Cette édition n’est pas mentionnée par Lawton. L’éditeur scientifique en est Joachim Camerarius l’Ancien, humaniste originaire de Bamberg. Elle paraît en 1546 chez l’imprimeur de Leipzig Valentin Bapst l’Ancien. Camerarius avait déjà publié chez lui en 1545 cinq pièces de Plaute (Amphitruo, Asinaria, Curculio, Casina, Cistellaria).

Il s’agit d’une édition scolaire où le texte des six pièces de Térence est suivi de résumés des pièces et d’annotations dues à Camerarius. Ce dernier indique également quelques variantes textuelles qu’il a observées. L’édition ne propose pas de commentaire proprement dit.

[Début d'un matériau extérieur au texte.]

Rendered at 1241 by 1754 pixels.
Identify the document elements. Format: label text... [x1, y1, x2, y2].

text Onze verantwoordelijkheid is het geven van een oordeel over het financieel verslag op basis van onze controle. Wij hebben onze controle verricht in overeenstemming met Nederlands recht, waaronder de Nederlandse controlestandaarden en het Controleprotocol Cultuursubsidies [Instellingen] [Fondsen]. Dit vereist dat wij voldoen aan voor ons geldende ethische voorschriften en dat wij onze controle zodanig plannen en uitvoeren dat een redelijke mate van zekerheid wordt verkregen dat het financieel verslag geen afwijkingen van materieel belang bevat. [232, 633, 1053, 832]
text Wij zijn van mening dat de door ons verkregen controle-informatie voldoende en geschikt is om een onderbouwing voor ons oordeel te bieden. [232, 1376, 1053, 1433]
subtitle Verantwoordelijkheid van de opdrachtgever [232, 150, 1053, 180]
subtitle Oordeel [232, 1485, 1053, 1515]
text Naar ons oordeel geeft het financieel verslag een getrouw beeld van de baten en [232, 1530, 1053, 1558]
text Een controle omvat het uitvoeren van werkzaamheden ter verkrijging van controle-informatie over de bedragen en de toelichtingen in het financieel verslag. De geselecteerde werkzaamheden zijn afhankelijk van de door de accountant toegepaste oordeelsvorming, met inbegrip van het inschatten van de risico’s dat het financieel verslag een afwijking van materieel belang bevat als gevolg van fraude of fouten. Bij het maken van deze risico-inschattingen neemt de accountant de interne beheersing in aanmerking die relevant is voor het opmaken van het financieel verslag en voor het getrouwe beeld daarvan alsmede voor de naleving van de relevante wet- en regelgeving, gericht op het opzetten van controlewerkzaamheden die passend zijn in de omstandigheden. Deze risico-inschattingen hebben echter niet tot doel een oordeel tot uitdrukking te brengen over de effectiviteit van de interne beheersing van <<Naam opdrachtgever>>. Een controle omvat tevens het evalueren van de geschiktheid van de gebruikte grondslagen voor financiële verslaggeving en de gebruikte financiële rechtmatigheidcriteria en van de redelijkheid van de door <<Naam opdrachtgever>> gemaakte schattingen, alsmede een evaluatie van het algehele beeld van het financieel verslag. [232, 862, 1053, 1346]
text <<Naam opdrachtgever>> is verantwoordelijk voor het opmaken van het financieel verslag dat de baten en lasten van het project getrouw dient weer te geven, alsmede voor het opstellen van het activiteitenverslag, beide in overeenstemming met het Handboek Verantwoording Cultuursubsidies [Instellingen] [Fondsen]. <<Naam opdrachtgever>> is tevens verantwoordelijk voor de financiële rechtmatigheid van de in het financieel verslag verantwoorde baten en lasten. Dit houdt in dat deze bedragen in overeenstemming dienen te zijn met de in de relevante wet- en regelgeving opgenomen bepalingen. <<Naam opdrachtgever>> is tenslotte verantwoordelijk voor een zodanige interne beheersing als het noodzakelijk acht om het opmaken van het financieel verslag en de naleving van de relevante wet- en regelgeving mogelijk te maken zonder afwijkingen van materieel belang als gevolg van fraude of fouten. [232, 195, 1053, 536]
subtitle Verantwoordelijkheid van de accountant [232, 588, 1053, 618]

Mais elle contient plusieurs paratextes dus à Philippe Melanchthon. Le premier prend la forme d’un bref exposé théorique illustré d’exemples, et porte le titre « Exhortation à lire les tragédies et les comédies ». Melanchthon y justifie du point de vue réformé l’utilité de la lecture du théâtre antique païen par les jeunes étudiants. Il insiste sur la valeur morale tant de la tragédie que de la comédie. Le second est une lettre adressée aux enseignants. Enfin Melanchthon rédige pour chaque pièce un bref argument à visée pédagogique.

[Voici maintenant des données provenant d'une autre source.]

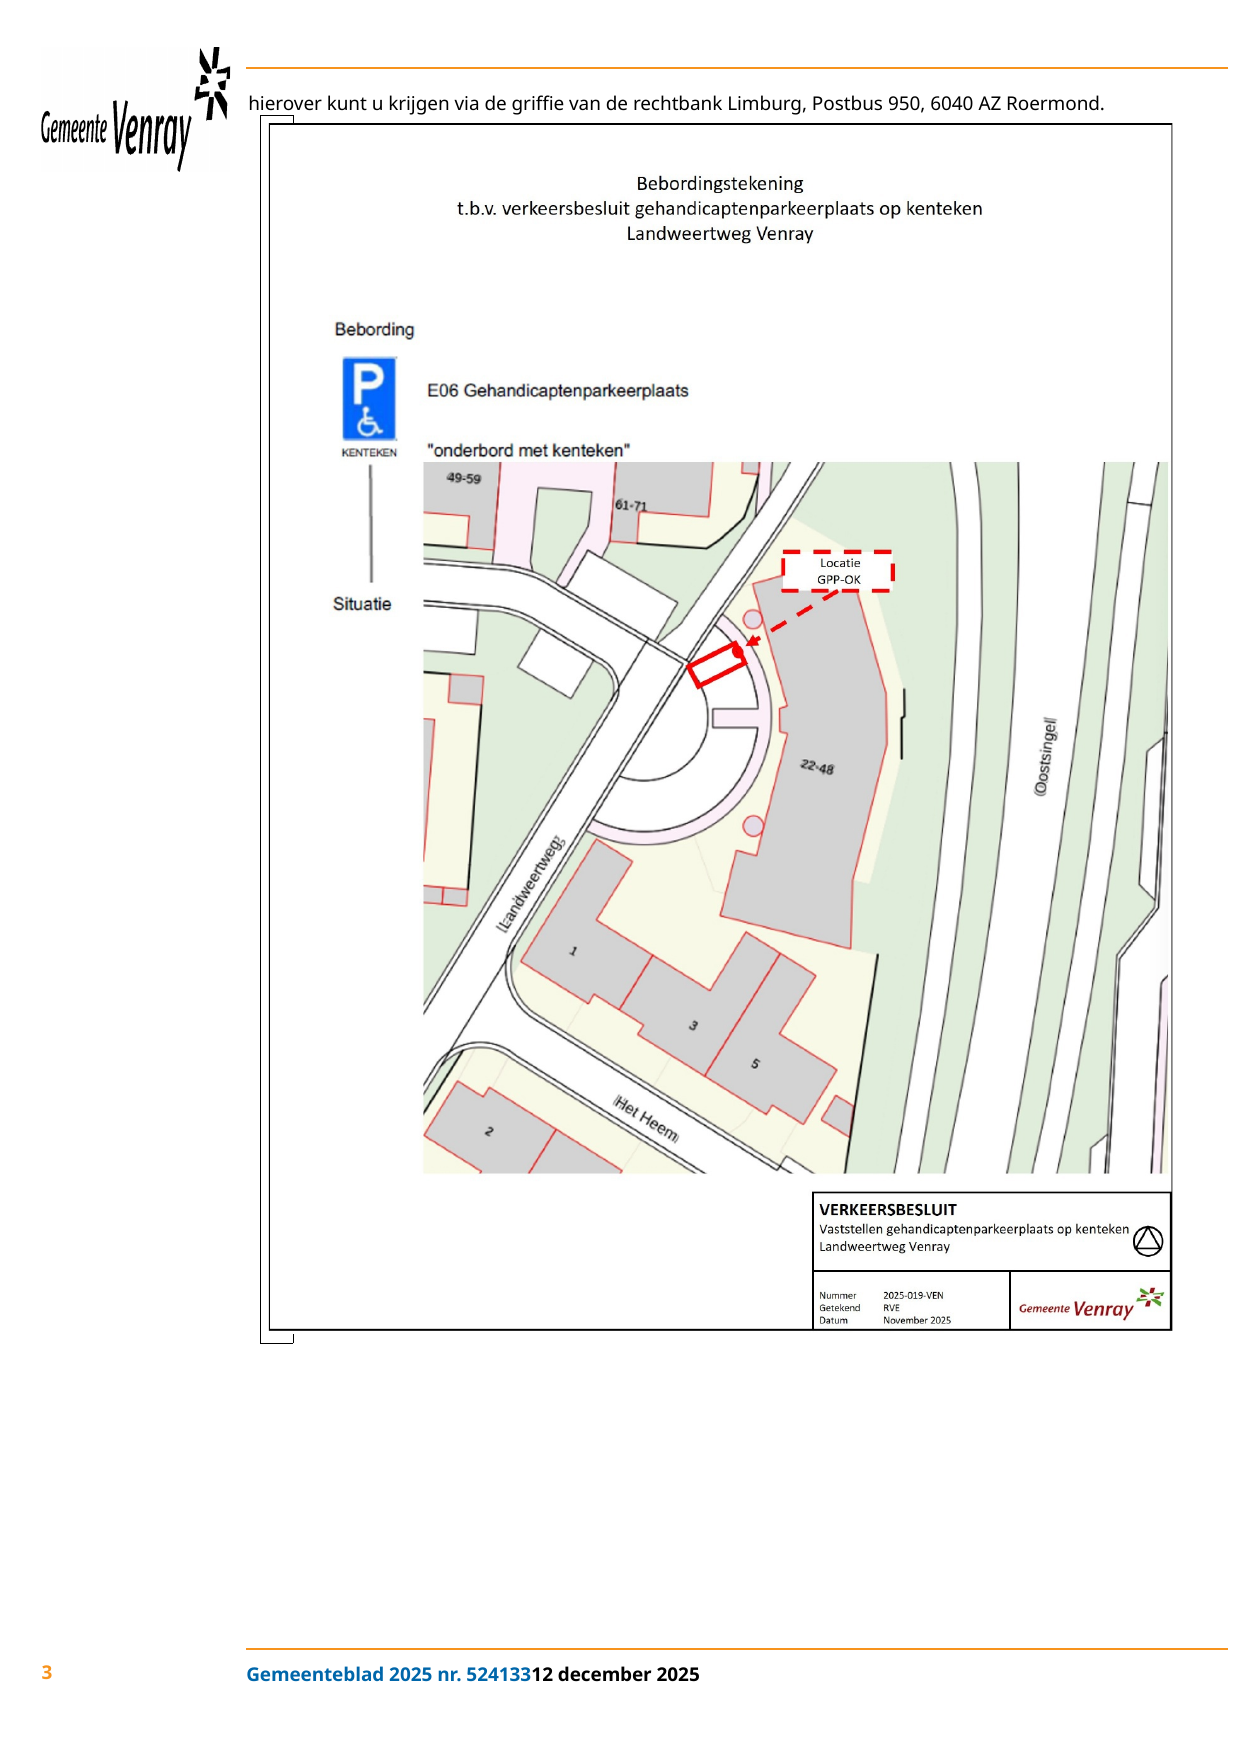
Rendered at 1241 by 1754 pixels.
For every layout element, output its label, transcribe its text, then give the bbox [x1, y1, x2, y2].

picture [41, 47, 231, 172]
text hierover kunt u krijgen via de griffie van de rechtbank Limburg, Postbus 950, 6040 AZ Roermond. [248, 95, 1152, 114]
picture [268, 123, 1173, 1334]

Philippe Melanchthon est le nom traduit en grec de Philipp Schwarzerd, humaniste, philosophe et réformateur protestant allemand, né le 16 février 1497 à Bretten et mort le 19 avril 1560 à Wittenberg, en Allemagne. Professeur de grec à l’université de Wittenberg, il adhère dès le début à la Réforme et devient l’ami et le collaborateur de Luther. Il donne un premier exposé systématique de la pensée de Luther dans ses Loci Communes (1521). Il se préoccupe de concilier la Réforme et l’humanisme chrétien. Il est l’auteur de la Confession d’Augsbourg présentée à la diète d’Augsbourg en 1530. À la mort de Luther en 1546, il devient le principal chef du luthéranisme. Il fait paraître en 1516 à Tübingen une édition des comédies de Térence (Comoediae metro numerisque restitutae). Voir Lawton n°154, p. 123.

Bibliographie :
  • HAMM, Joachim, « Joachim Camerarius d.Ä. », in W. Kühlmann et al. (éd.), Frühe Neuzeit in Deutschland 1520-1620. Literaturwissenschaftliches Verfasserlexikon. Bd. 1 (VL 16), Berlin, De Gruyter, 2011, p. 425-438
  • LAWTON, Harold W., Térence en France au XVIe siècle. Editions et traductions, Paris, Jouve, 1926 (Genève, Slatkine repr., 1970-1972)
  • STÄHLIN, Friedrich, « Camerarius, Joachim », in Neue Deutsche Biographie, 3, 1957, p. 104-105
  • Voir Opera Camerarii : http://kallimachos.de/camerarius/index.php/Terenz,_Comoediae_sex,_1546
Traduction : Théophane TREDEZSarah GAUCHER

Heautontimorumenos. Argumentum per Philippum Melanchthonem

L’Héautontimoroumenos. Argument de Philippe Mélanchthon.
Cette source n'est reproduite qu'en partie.